We’ve definitely hit the point in the “big data” hype cycle where people are looking critically at the term and asking what all the fuss is about. Some pundits have even speculated about a big data bubble that’s sure to burst after everyone realizes the term has been over-used, and technologies like in-memory processing and high-performance analytics (HPA) are not actually in high demand.
Folks, there’s no bubble here. You can’t put the data back in the bottle, so to speak. Big data – however you define it – isn’t going away and it isn’t getting smaller. It’s going to keep growing.
Maybe the term “big data” will change or devalue in significance, but you can’t poke holes in the concept itself, which is this: there are significant business benefits to be gained from storing and analyzing large volumes of data more efficiently.
That doesn’t mean big data is an issue for everyone or that high-performance analytics is the answer for everyone. But there is a business case to be made for the use of it in many arenas, and those that see the whole idea as overhyped are looking at it too narrowly.
Here’s how I like to look at it: High-performance analytics is, simply, an enabler. Most importantly, it enables you to get answers faster than before. But – and this is important – high-performance analytics is only as good as what you’re computing. If you’re getting summary statistics about your business portfolio, HPA will give you those reports faster. However, if your system is predicting risk exposure on thousands of assets, you’re going to get those predictions faster than before. Or, if you’re optimizing markdowns for millions of SKUs at hundreds of retail locations, you’ll be able to optimize those prices more quickly.
You see the difference?
A lot of big data proponents are promising things bigger, better and faster. But if the information you’re getting is backward looking, it’s still going to be looking at the past when you get it in a shorter timeframe. You’re still only understanding the past faster than before. No matter how fast you go with summary statistics, you’re never going to get to the future.
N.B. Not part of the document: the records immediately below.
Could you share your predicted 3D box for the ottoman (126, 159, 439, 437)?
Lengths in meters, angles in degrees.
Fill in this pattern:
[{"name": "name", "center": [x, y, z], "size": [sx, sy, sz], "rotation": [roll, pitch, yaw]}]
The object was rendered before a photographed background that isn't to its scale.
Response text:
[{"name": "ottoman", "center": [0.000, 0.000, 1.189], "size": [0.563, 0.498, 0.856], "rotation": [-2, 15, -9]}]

Only predictive analytics like forecasting and optimization will bring you out of the past and into the future. When you use high-performance analytics to predict things like risk, customer satisfaction or marketing optimization, you’re getting your predictions sooner than before, and you can react more quickly. When you’re computing forward-looking results, the speed really can make a difference.
At its most basic level, high-performance analytics reduces the time dimension. You have to decide what types of answers you want more quickly: standard reports or predictive analytics.
Once you know that, you can start asking questions and making decisions that could change your business. Or your world. I don’t think that’s hype. It’s as real as you can get, and the organizations that get it first are going to be the ones that make it further into the future.